WHEREAS, the Executive is an officer and employee of the Employer as defined below; and
WHEREAS, the Employer desires to enhance the ability of the Employer to retain the services of the Executive and to reward the Executive for his or her valuable, dedicated service to the Employer in the event of his or her termination of employment in connection with a change in control of the Employer as defined herein.
NOW, THEREFORE, the parties hereto do hereby agree as follows:
1. Definitions
1.1. Bank shall mean Bar Harbor Bank & Trust.
1.2. Base Compensation shall mean the annual base salary payable by the Employer to the Executive, and except as otherwise expressly provided for in this Agreement, excluding any bonuses, incentive compensation and other forms of additional compensation.

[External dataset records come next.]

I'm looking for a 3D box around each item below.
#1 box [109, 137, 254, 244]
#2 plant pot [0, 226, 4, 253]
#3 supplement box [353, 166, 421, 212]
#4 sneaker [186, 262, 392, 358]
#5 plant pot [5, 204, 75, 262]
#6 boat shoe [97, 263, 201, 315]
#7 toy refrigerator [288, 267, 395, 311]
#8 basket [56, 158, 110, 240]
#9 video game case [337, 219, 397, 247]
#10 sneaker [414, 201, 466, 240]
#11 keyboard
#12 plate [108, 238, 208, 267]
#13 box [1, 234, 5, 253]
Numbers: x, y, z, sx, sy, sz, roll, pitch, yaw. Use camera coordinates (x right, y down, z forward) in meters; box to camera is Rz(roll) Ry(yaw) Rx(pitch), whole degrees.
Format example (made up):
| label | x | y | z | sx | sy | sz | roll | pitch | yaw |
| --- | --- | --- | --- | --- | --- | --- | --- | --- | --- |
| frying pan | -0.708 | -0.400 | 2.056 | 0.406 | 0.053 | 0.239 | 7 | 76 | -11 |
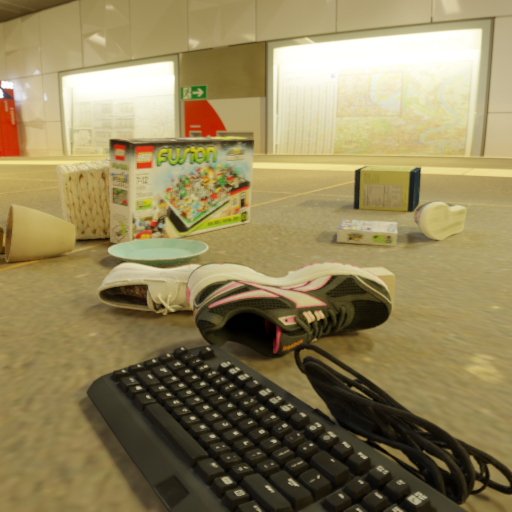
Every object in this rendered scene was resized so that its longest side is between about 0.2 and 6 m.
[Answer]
| label | x | y | z | sx | sy | sz | roll | pitch | yaw |
| --- | --- | --- | --- | --- | --- | --- | --- | --- | --- |
| box | -1.532 | -1.555 | 12.510 | 0.674 | 2.136 | 3.881 | 15 | 20 | 35 |
| plant pot | -5.078 | -0.339 | 10.255 | 0.778 | 0.755 | 0.760 | -2 | 26 | -36 |
| supplement box | 3.963 | -2.057 | 16.855 | 1.747 | 1.174 | 1.749 | 5 | 14 | 20 |
| sneaker | 0.393 | 0.713 | 6.175 | 2.308 | 0.927 | 0.997 | -1 | 35 | -7 |
| plant pot | -3.944 | -0.363 | 10.287 | 1.117 | 1.047 | 1.047 | 5 | 9 | -30 |
| boat shoe | -1.217 | 0.476 | 7.282 | 1.876 | 0.675 | 0.643 | 10 | 34 | 19 |
| toy refrigerator | 1.117 | 0.464 | 7.487 | 1.348 | 0.512 | 0.471 | -3 | 13 | -9 |
| basket | -3.657 | -1.321 | 12.792 | 1.514 | 1.663 | 2.454 | -9 | 15 | -19 |
| video game case | 2.410 | -0.514 | 12.102 | 1.214 | 0.304 | 1.340 | 6 | 14 | 13 |
| sneaker | 3.855 | -0.828 | 12.436 | 0.937 | 0.831 | 2.218 | 15 | 10 | 36 |
| keyboard | 0.209 | 1.178 | 3.992 | 1.948 | 0.742 | 3.743 | -9 | 17 | -32 |
| plate | -1.794 | -0.050 | 10.327 | 1.824 | 0.233 | 1.824 | 0 | 12 | 0 |
| box | -5.178 | -0.251 | 11.308 | 1.611 | 0.171 | 1.317 | -1 | 14 | -7 |

1.3 Cause shall be deemed to exist only in the event the Executive is convicted by a court of competent jurisdiction of a felony involving dishonesty or fraud on the part of the Executive in his or her relationship with the Employer.
1.4. Change in Control shall mean the occurrence of any one of the following events:
(a) Any person, including a group (as such term is used in Section 13(d) of the Securities Exchange Act of 1934, as amended (the "Exchange Act")) becomes the beneficial owner (as determined pursuant to Rule 13d-3 under the Exchange Act), directly or indirectly, of securities of Bar Harbor Bankshares representing more than fifty percent (50%) of the combined voting power of Bar Harbor Bankshares' then outstanding securities, other than as a result of an issuance of securities initiated by Bar Harbor Bankshares in the ordinary course of its business; or
(b) Bar Harbor Bankshares is party to a Business Combination (as hereinafter defined) unless, following consummation of the Business Combination, more than fifty percent (50%) of the outstanding voting securities of the resulting entity are beneficially owned, directly or indirectly, by the holders of Bar Harbor Bankshares' outstanding voting securities immediately prior to the Business Combination in substantially the same proportions as those existing immediately prior to the Business Combination; or
(c) The stockholders of Bar Harbor Bankshares approve a plan of complete liquidation of Bar Harbor Bankshares or an agreement for the sale or disposition by Bar Harbor Bankshares of all or substantially all of Bar Harbor Bankshares' assets to another person or entity that is not a wholly owned subsidiary of Bar Harbor Bankshares.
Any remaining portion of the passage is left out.